Hemolysis was considered 0% in 0.9% NaCl and 100% in 0.0% NaCl. The percent hemolysis in each sample was calculated with the use of the following equation: % hemolysis = (OD sample)/(OD in 0% saline) × 100%.10 A sigmoid fragility curve was drawn by plotting % hemolysis on the y-axis and NaCl concentration on the x-axis (Figs. 1, 2). Mean NaCl concentrations at which 50% hemolysis occurred were identified as the point where the osmotic fragility curve intersected the point of 50% lysis. In both species, 50% hemolysis occurred at 0.38% NaCl concentration (Figs. 1, 2).
Statistical evaluation of all data points was performed with commercial software (Analyse-it). All data were analyzed using a Student t-test with p ≤ 0.05 considered significant; data were normally distributed. There was no statistically significant difference in the osmotic fragility measurements between Cc and Cm (p = 0.074). No outliers were found in the data.
Our study provides important and novel information regarding the erythrocyte osmotic fragility of Cc and Cm, laying the foundation for future evaluations of commercial storage media for preservation of sea turtle RBC products. Generally, it has been noted that nucleated erythrocytes are more resistant to osmotic stress than non-nucleated erythrocytes.2,22 In our study, and in both species, 50% hemolysis occurred at 0.38% NaCl concentration. By comparison, 50% hemolysis occurred at 0.44% NaCl concentration in healthy dogs in one study,15 and at 0.45–0.57% NaCl in healthy cats in another study.21 A comparative study on osmotic fragilities found that amphibians were the most resistant to osmotic stress followed by reptiles, birds, and then mammals.2 Compared to the mammals examined in the study, all of the ectothermic vertebrates examined had RBCs that were more osmotically resistant.2 Proposed physiologic mechanisms for this difference included size of RBCs, the presence of nuclei in RBCs, body temperature, and osmoregulation. Among reptiles, there was no significant difference in fragilities for aquatic or terrestrial species.2
Reptile erythrocytes are thought to be more resistant to lysis because their ectothermic nature requires their erythrocytes to be exposed to a wider range of body temperatures. Furthermore, ectothermic erythrocytes have longer lifespans than endothermic erythrocytes. Therefore, they would need to be more osmotically resistant to account for their long survival time. Finally, nucleated erythrocytes are more osmotically resistant than non-nucleated, and larger erythrocytes are more resistant than small (i.e., lower NaCl concentrations at which 50% hemolysis occurred).2
There are a few options for anticoagulants used in the processing of reptilian blood. To date, heparin is used most commonly and was the anticoagulant in our study. And, given that K2-EDTA can cause erythrolysis in chelonians,13 we used heparin to avoid erythrocyte lysis associated with other anticoagulants.
There are limitations in our study beyond small sample size. For one, an explanation of the increase in percent hemolysis above 100% may be the result of residual binding of hemoglobin to erythrocyte membranes.22,24 Such binding would falsely lower the OD in samples in which it occurred, which might affect the osmotic fragility curve and calculated 50% RBC lysis. Only sampling turtles in rehabilitation settings limits data to those in very controlled environments in terms of water quality and temperature.
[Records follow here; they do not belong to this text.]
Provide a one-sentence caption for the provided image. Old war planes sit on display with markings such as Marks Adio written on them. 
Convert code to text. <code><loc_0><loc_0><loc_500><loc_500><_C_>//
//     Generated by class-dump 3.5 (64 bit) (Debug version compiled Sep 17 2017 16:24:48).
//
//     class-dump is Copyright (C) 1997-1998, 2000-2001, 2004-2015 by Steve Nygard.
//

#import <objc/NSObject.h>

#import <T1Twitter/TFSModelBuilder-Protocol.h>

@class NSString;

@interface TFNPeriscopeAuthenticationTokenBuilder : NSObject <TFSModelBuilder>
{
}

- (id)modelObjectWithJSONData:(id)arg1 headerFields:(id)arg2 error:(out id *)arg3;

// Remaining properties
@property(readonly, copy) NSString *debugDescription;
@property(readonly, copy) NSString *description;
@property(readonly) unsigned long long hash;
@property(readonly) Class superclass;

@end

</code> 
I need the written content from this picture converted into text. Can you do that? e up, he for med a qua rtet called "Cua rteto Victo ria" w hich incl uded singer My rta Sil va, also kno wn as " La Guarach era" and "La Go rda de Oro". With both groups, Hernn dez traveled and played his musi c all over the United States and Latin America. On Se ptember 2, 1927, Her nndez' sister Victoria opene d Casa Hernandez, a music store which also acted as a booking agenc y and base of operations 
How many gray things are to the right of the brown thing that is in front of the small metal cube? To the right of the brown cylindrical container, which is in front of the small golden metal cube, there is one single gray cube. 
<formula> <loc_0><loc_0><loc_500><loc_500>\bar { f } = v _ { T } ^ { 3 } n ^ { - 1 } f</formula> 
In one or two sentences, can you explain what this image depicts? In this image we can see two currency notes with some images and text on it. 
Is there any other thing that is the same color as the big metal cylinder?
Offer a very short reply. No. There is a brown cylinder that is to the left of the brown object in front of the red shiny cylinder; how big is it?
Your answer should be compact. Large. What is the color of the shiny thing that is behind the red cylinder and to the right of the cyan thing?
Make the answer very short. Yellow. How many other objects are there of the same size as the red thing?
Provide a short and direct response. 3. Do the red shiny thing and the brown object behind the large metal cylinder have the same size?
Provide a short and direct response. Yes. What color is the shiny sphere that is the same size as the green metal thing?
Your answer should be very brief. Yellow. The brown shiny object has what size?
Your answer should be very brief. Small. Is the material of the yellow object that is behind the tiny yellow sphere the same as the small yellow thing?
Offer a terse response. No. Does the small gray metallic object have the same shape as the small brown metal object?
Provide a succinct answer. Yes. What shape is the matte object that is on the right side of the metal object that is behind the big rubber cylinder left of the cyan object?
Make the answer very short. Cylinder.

Furthermore, all of these turtles sampled are therefore nonbreeding. Variations in osmotic fragility are likely in those turtles that are in more natural habitats, given increased diversity in age, sex, breeding status, and environment. Future work could be performed examining sea turtles in different environments—such as sampling those migrating versus those nesting because water temperature difference and seasonal variation may play a role in sea turtle erythrocyte osmotic fragility.
Acknowledgments
We thank Dr. Dori Borjesson, Naomi Walker, and the staff of the UC Davis School of Veterinary Medicine Blood Bank and Hematology Lab; Samantha Clark and Ashley Isaac at Loggerhead Marinelife Center; and Caitlin Greene, Richie Moretti, and rehabilitation technicians and staff at The Turtle Hospital.
Footnotes
Declaration of conflicting interests: The authors declared no potential conflicts of interest with respect to the research, authorship, and/or publication of this article.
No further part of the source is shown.